Pero Perú, señalé en mi ponencia en una de las mesas, es también el país de César Vallejo –de quien se lanzó la obra completa en la colección de la Real Academia (Perú es uno de los pocos países que tiene tres escritores en esa colección: Arguedas, Vargas Llosa y ahora Vallejo)– y es también el país de otros poetas como Martín Adán, Carlos Germán Belli, Eielson, Blanca Varela, Antonio Cisneros, Watanabe y Mario Montalbetti. Aquí me detuve. Montalbetti además de poeta es un lingüista, con estudios en el Instituto de Tecnología de Massachusetts, bajo la dirección de Noam Chomsky. Además de su destacada obra poética está realizando una amplia reflexión sobre el lenguaje y la poesía, donde, por los bordes, ha planteado una crítica a la novela en la actualidad. Venía bien en un Congreso que tuvo como eje el concepto del lenguaje claro y la impronta del gran novelista peruano, hablar de espesor y oscuridad en el lenguaje, de su condición problemática desde la literatura y de la crítica a la novela que realiza Montalbetti, provechosa al género, porque lo refuerza. Las razones de su postura son complejas, en algunas no falta razón –una cierta frivolidad de las novelas, un descuido en la riqueza del lenguaje, una simplificación autobiográfica– pero sobre todo por una inherente preocupación a la poesía, que no está atada ni condicionada al significado, la referencia y la visibilidad mimética. Es bueno que en el lenguaje haya reservas de oscuridad necesaria. Pero esa misma crítica advierte que aunque la novela pueda y necesite de la claridad, eso no significa que ella no esté embebida de complejidad. Siempre hay que tener presente que lo que a veces se ha escrito de manera oscura no necesariamente comunica complejidad, sino todo lo contrario, transmite confusión y no despierta ningún entusiasmo en el lector.

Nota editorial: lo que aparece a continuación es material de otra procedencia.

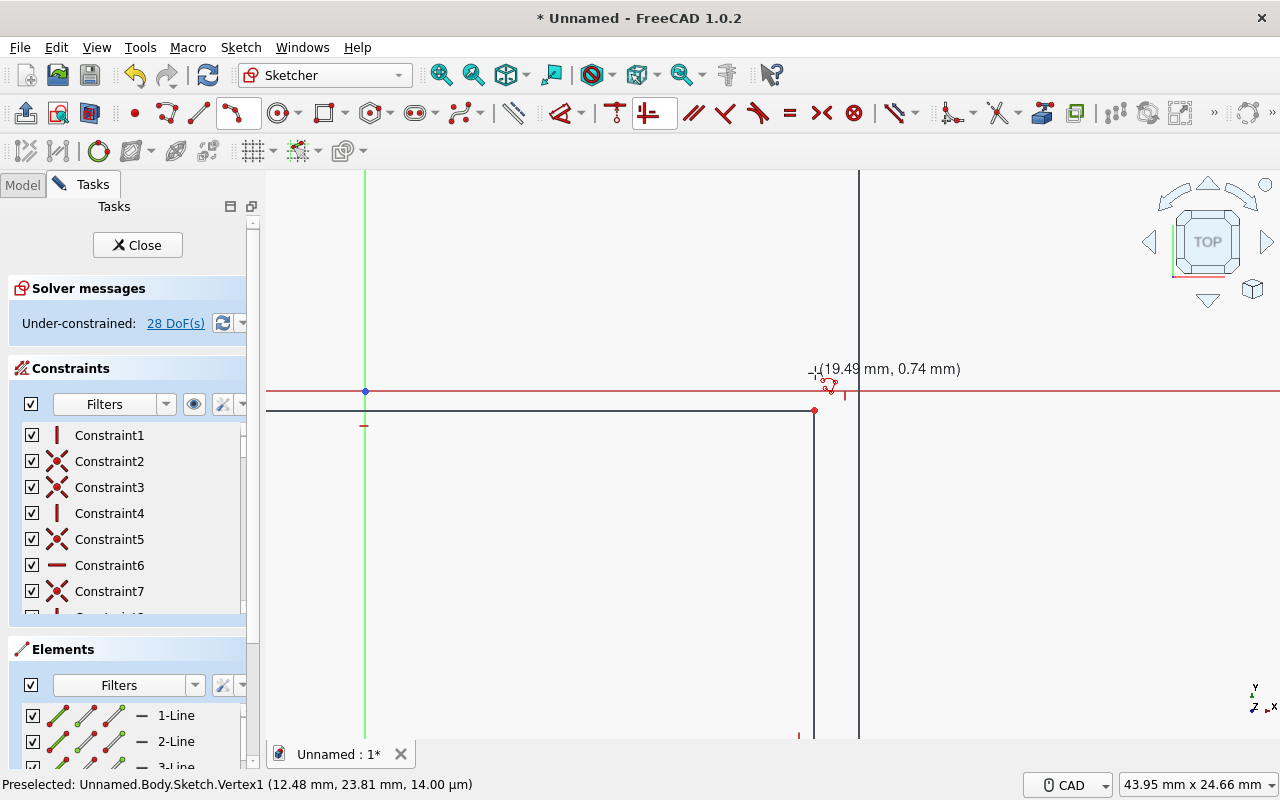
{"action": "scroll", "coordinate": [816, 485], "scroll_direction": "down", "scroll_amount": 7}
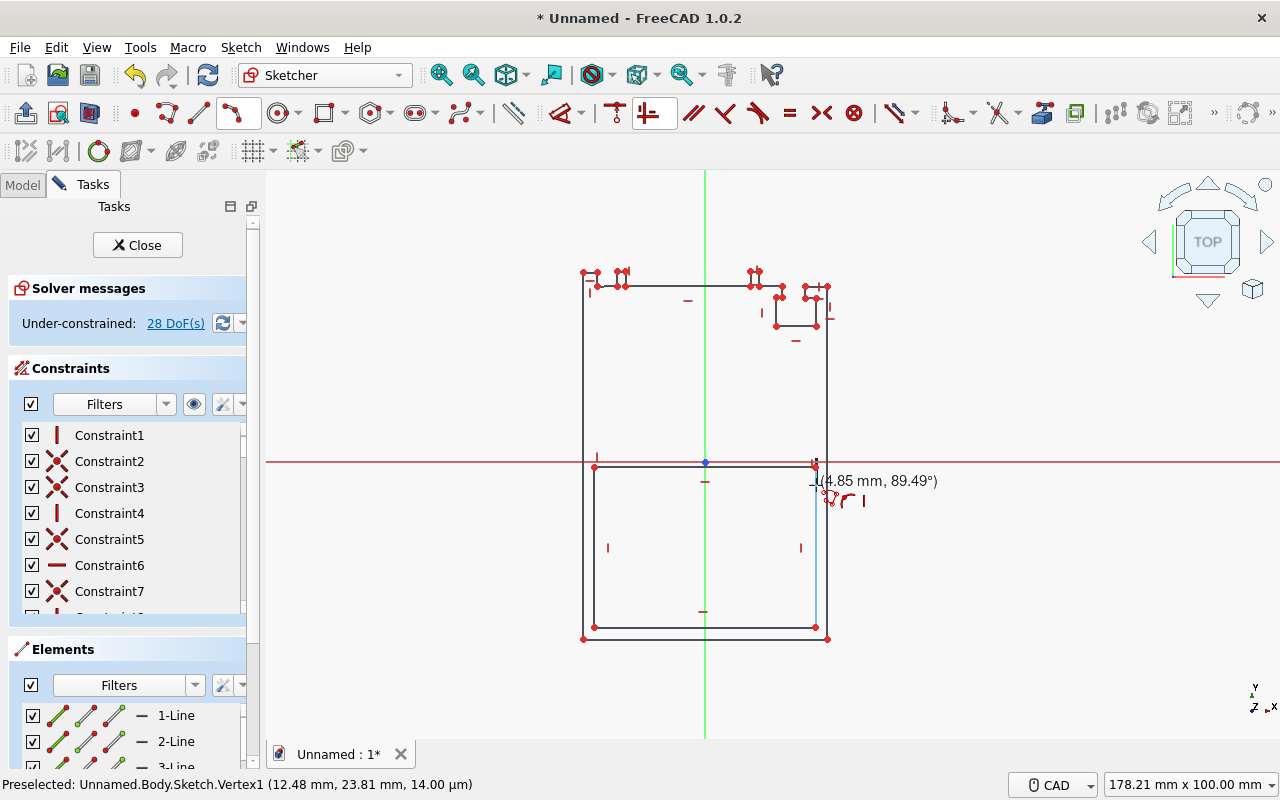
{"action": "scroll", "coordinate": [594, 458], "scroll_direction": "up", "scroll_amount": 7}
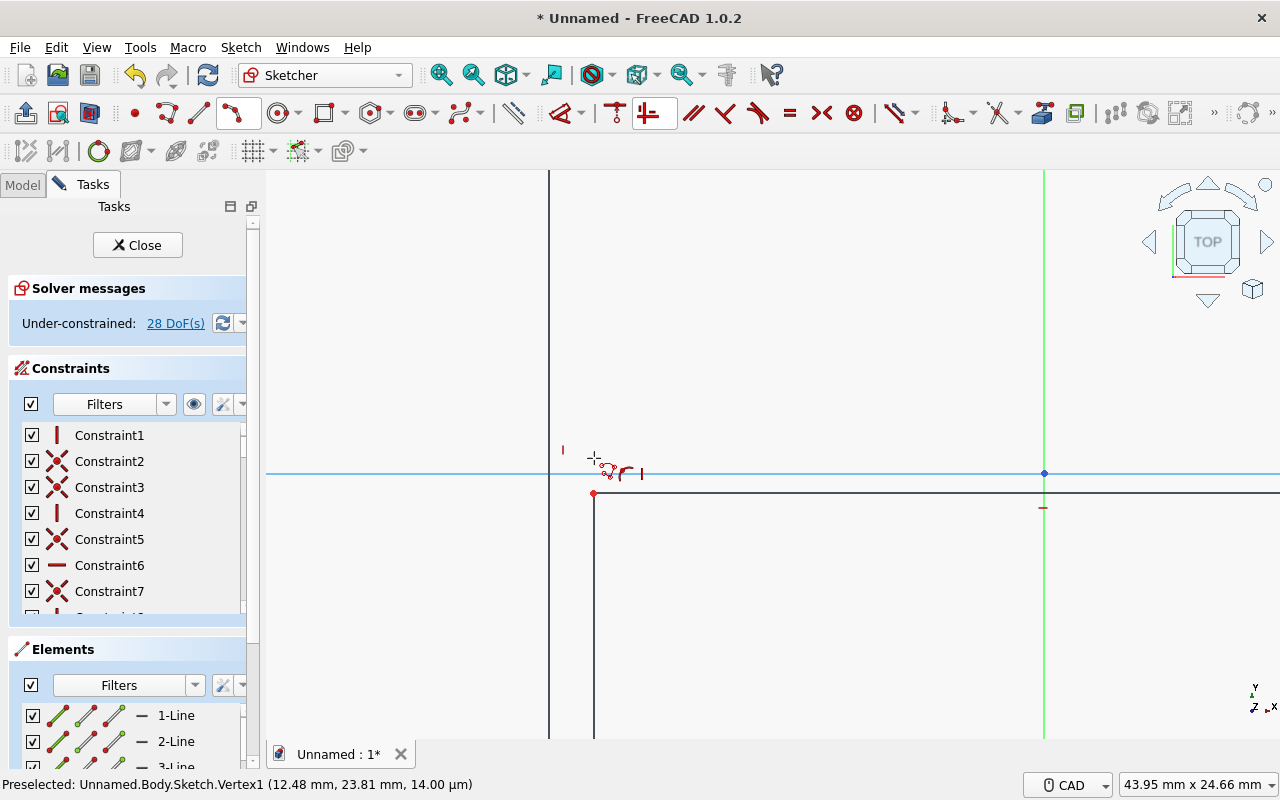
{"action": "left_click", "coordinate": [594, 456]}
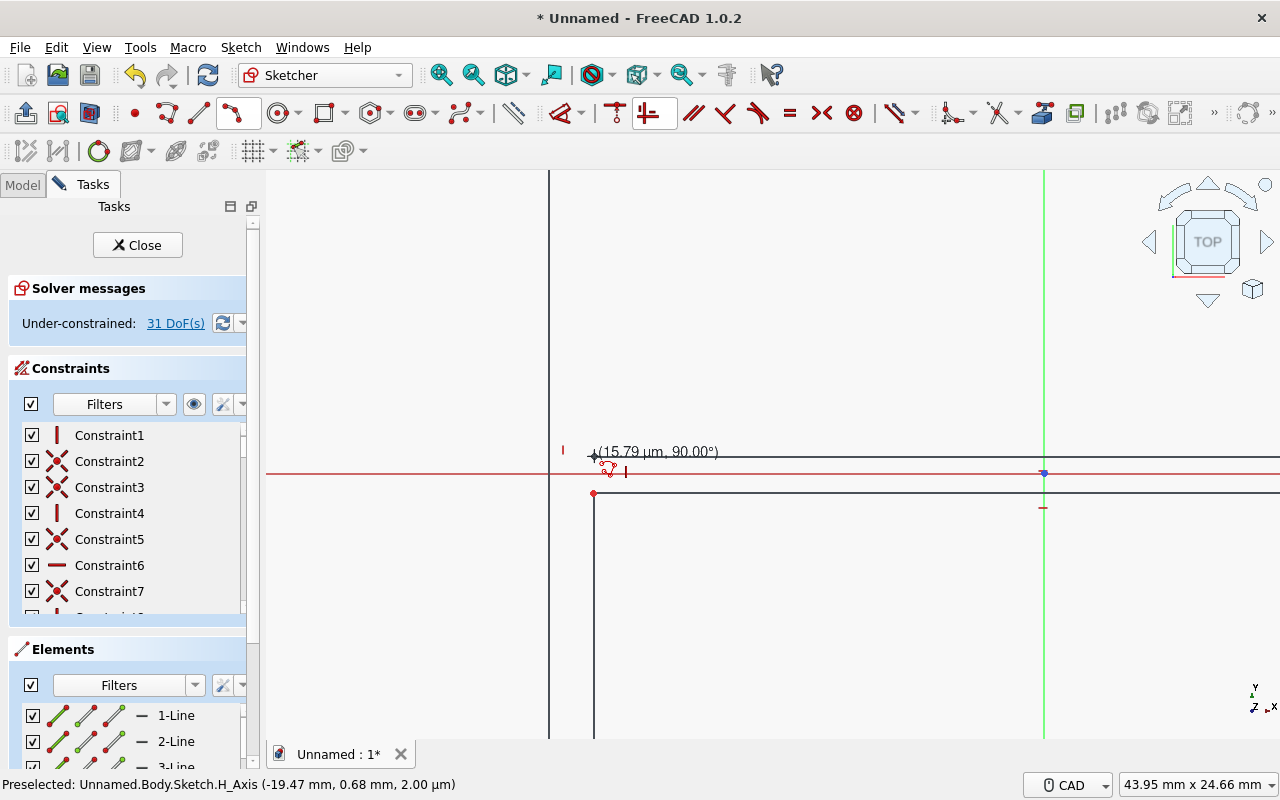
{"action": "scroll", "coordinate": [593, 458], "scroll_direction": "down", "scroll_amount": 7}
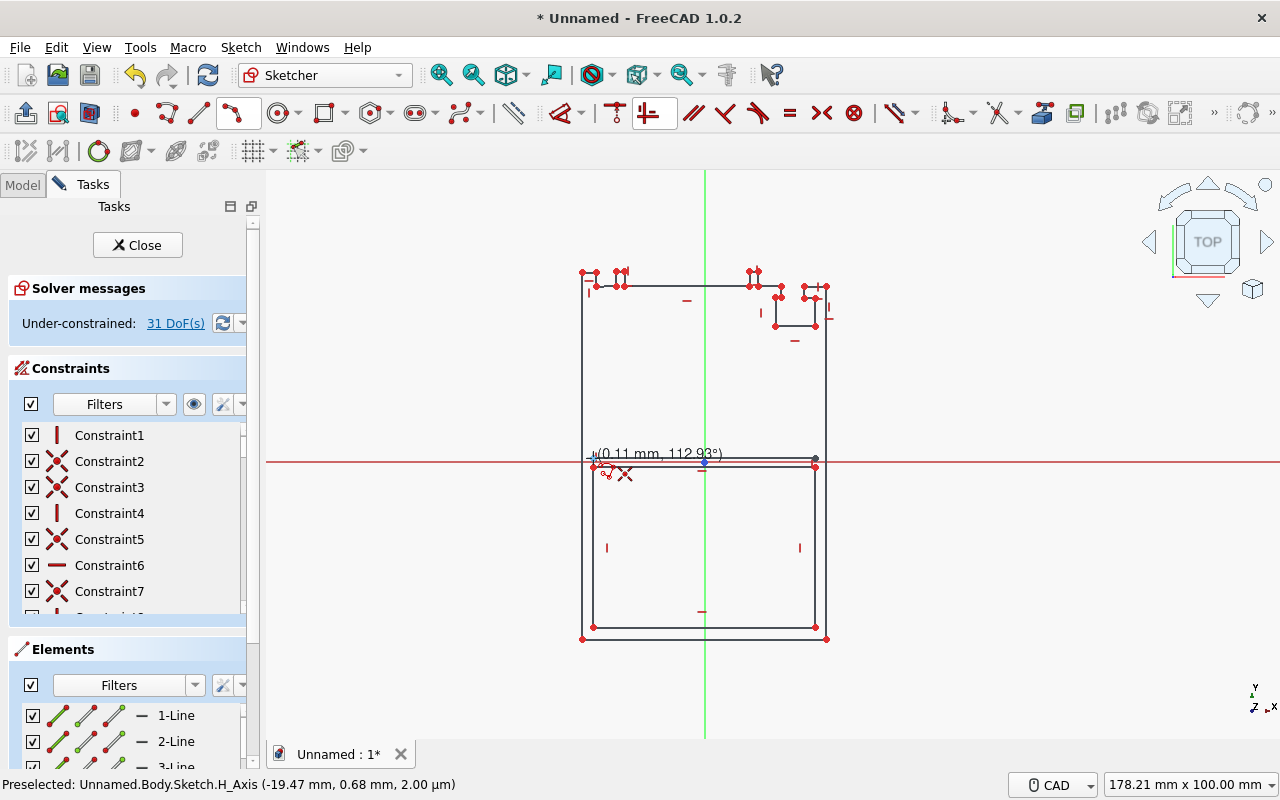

Cuando en la segunda parte del Quijote se menciona que una de las tachas o críticas que recibió la primera parte fue el relato del curioso impertinente, el mismo don Quijote afirma que el autor no fue sabio y que su historia, “tendrá necesidad de comento para entenderla”. Esta alusión a la oscuridad del estilo culterano, que requería un comentario para su comprensión, la rebate de inmediato el bachiller Sansón Carrasco al sostener que no necesita comentario, porque “es tan clara, que no hay cosa que dificultar en ella: los niños la manosean, los mozos la leen, los hombres la entienden y los viejos la celebran; y, finalmente, es tan trillada y tan leída y tan sabida de todo género de gentes, que apenas han visto algún rocín flaco, cuando dicen: «Allí va Rocinante»”. Esta capacidad para ver aquello que se ha escrito, la visibilidad del mundo real, ciertamente es una de las virtudes de la novela. Pero no debe ser la única. Creo que aquí es a donde Montalbetti dirige su crítica, dirigida hacia novelas que se supeditan a solo querer transmitir y recrear una realidad visible, copiándola o sometiéndose a ella en planos obvios, olvidando la posibilidad de lo complejo. El mismo Montalbetti rescata una novela como Moby Dick, de Herman Melville, tan clara que a veces aparece en colecciones de lecturas juveniles, pero que es, al mismo tiempo, compleja, cargada de enigmas y de una turbadora oscuridad. Pero incluso un novelista de lo visible como Mario Vargas Llosa, logra la complejidad de Conversación en La Catedral por esa diáfana bisagra verbal del diálogo, precisamente ubicado, sobre el que pivotan tiempo y espacio trazando un arco de décadas.

Son muchos los elementos en juego para la defensa del lenguaje claro, accesible y complejo en las novelas: su lectura masiva, su enseñanza, su edición, y las maneras de acercarse a ellas y comprender que claridad y complejidad no están reñidas, bastaría mencionar a Kafka, a Robert Walser, y de manera especial a María Zambrano, que prefería la penumbra al deslumbramiento de la luz. (O)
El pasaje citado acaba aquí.